“Um grande silêncio reina hoje sobre a terra; um grande silêncio e uma grande solidão” – a citação é de uma homilia do século IV, lida ano após ano no Ofício de Leitura de Sábado Santo, mas que neste Sábado Santo de pandemia se torna tão mais concreta.
A esta hora, a meio da tarde de sábado, estaria a ajudar a preparar a igreja para a missa de domingo. A voltar a pôr toalhas e flores, a mudar panos de vermelho para branco, enquanto repetiria, baixinho ou talvez não, o salmo que me estivesse destinado na vigília pascal. Depois, ainda antes da vigília, iria mudar os óleos nas âmbulas de cada paróquia, colocando os óleos novos que tinha trazido da Sé na quinta-feira.
Ir à Sé, à Missa Crismal, buscar os óleos santos para as paroquias. Entrar na imensa nave cheia de gente a cantar “Povo de reis, assembleia santa….”, encontrar amigos, cumprimentar padres conhecidos no fim da celebração é um dos meus rituais de Páscoa. Na quinta-feira à noite rezar junto do Senhor já retirado do sacrário, depois da Missa da Ceia; na sexta, o meu dia litúrgico preferido, ler o Evangelho da Paixão, beijar a Cruz; depois o silencio de sábado santo, o vazio e a esperança e a longa liturgia da vigília. E, por fim, os sinos a repique no domingo de Páscoa. Voltar a cantar o Gloria e o Aleluia.
Este ano tudo está a ser diferente, muito diferente. Tal como diferente está a ser a nossa vida de todos os dias. Mais ou menos confinados, procuramos novas rotinas, com saudades de tanta coisa de que nos queixávamos antes. E sobretudo com saudades de abraços e beijos que tantas vezes não dávamos.
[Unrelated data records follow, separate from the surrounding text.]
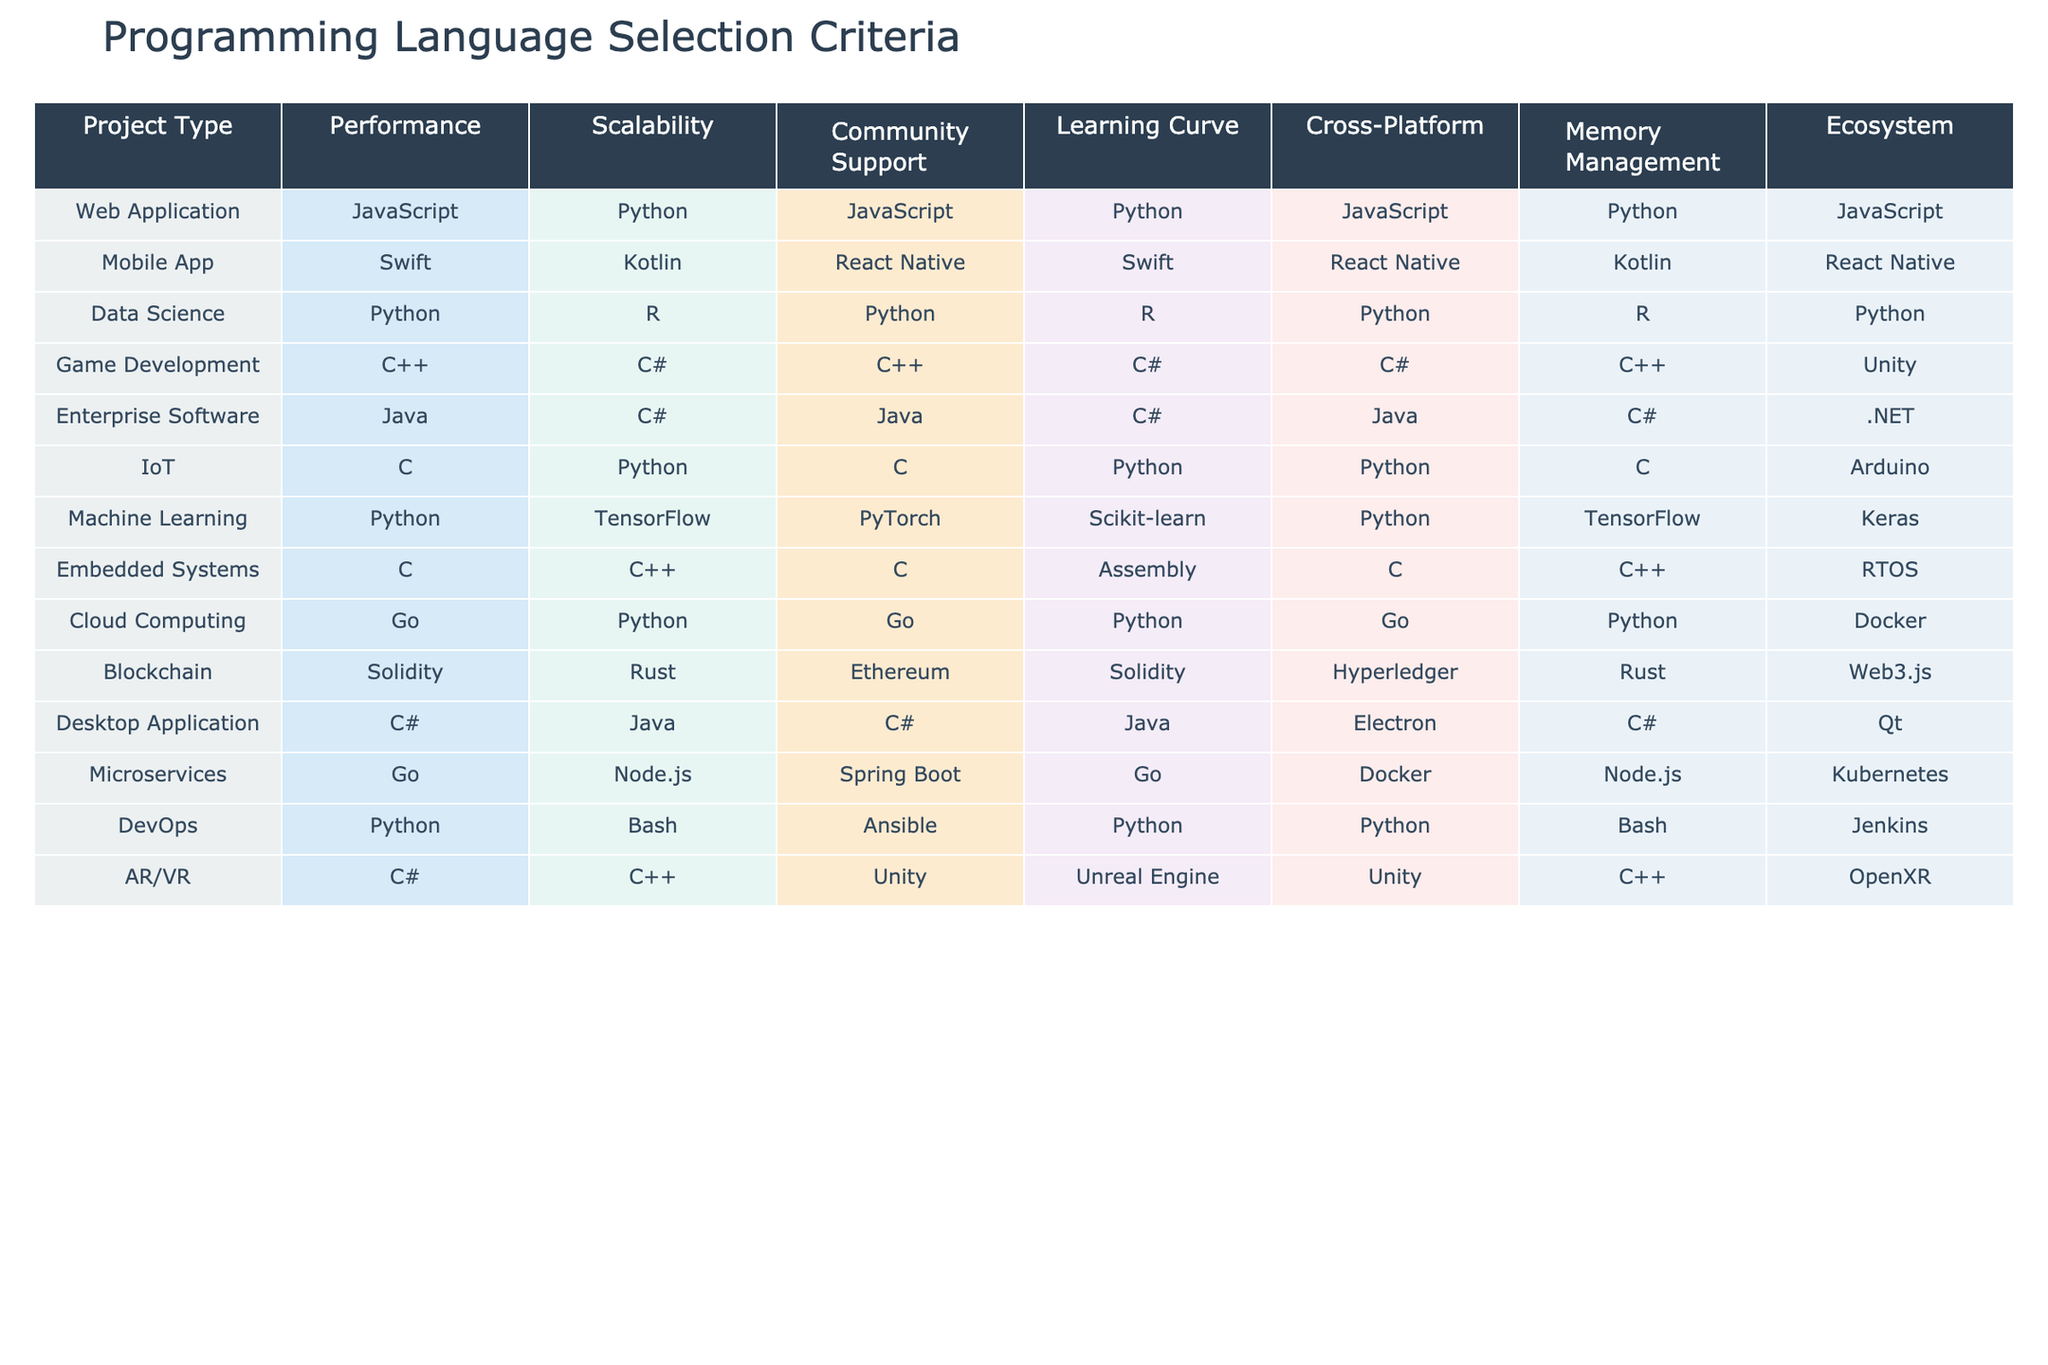What is the programming language recommended for Data Science projects? The table shows that Python is listed for both Performance and Ecosystem, and it is also the only language mentioned for this category.
Answer: Python Which project type has the widest range of programming languages suitable for its development? By examining the different project types and their corresponding programming languages in the table, Game Development has the highest diversity with four languages listed (C++, C#, Unity).
Answer: Game Development Is there a programming language that is suitable for both Web Application and Mobile App development? Comparing the relevant columns, JavaScript is indicated as the language for Web Application, while React Native is shown for Mobile App; they do not match, so the answer is no.
Answer: No What is the average number of programming languages listed for each project type? There are a total of 8 project types, with a sum of 27 programming languages listed across these categories (counting languages uniquely per project type). Therefore, the average is 27/8 = 3.375.
Answer: 3.375 How many programming languages use Python for Machine Learning in terms of Performance and Learning Curve? The table indicates Python for both Performance and Learning Curve in the Machine Learning category, making it the only language for these criteria.
Answer: 2 Which project type favors C++ in both Performance and Memory Management? The table indicates that for Game Development the programming language C++ is favored in both Performance and Memory Management columns.
Answer: Game Development Is Kotlin listed under Community Support for Mobile App projects? By checking the relevant section in the table for Mobile App development, Kotlin is not listed there; instead, React Native is mentioned.
Answer: No Which project type uses Go as the only language for Scalability? Looking at the entry for Cloud Computing, the table clearly states Go as the language for Scalability, making it the only one.
Answer: Cloud Computing 
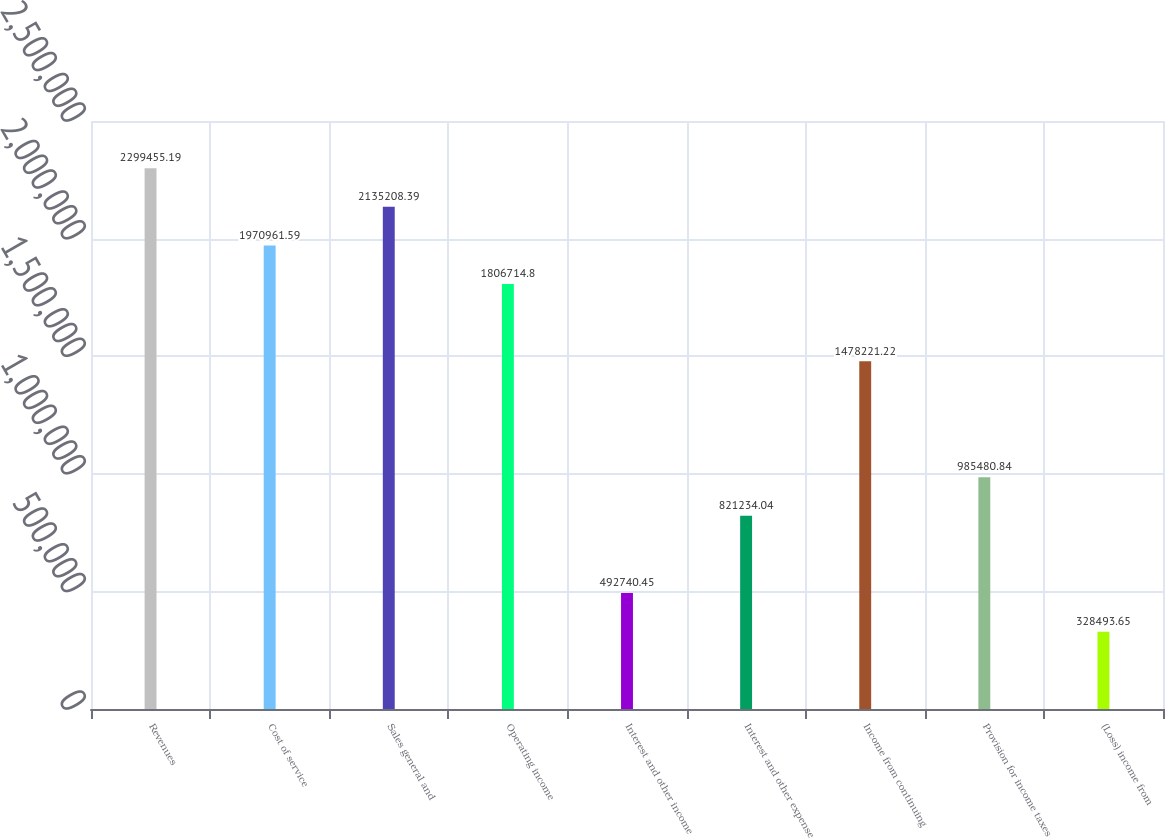<chart> <loc_0><loc_0><loc_500><loc_500><bar_chart><fcel>Revenues<fcel>Cost of service<fcel>Sales general and<fcel>Operating income<fcel>Interest and other income<fcel>Interest and other expense<fcel>Income from continuing<fcel>Provision for income taxes<fcel>(Loss) income from<nl><fcel>2.29946e+06<fcel>1.97096e+06<fcel>2.13521e+06<fcel>1.80671e+06<fcel>492740<fcel>821234<fcel>1.47822e+06<fcel>985481<fcel>328494<nl></chart>

Não vamos ter festas de família, nem passeios à serra ou à praia nesta Páscoa. Tentamos adaptar rituais – religiosos ou não – que costumavam marcar estes dias. Contudo, falta-nos qualquer coisa, falta-nos a gente, os toques, os sorrisos e os olhares, o cheiro do incenso e até a tosse que provoca em alguns, falta-nos o coro mais ou menos afinado, falta-nos a comunidade que é necessária à festa.
Mas havemos de ter espírito, amor e perseverança para viver estes dias, todos estes dias, que não sabemos quanto meses serão. Vivê-los como um longo, muito longo sábado santo, como um vazio, habitado por um silêncio de esperança, por uma certeza de que cada um tem de fazer o possível e até o que parecia impossível em função do bem todos.
Tudo vai ficar bem tornou-se o slogan deste tempo. Infelizmente, não vai ficar tudo bem para todos. Importa é ter o cuidado de não deixar ninguém para trás e ter capacidade de recomeçar. É isso que é a Páscoa, um recomeço, um novo começo, uma boa noticia que muda a vida. E havemos de chegar à Páscoa, mesmo que agora nos pareça muito mais longe do que o dia de amanhã.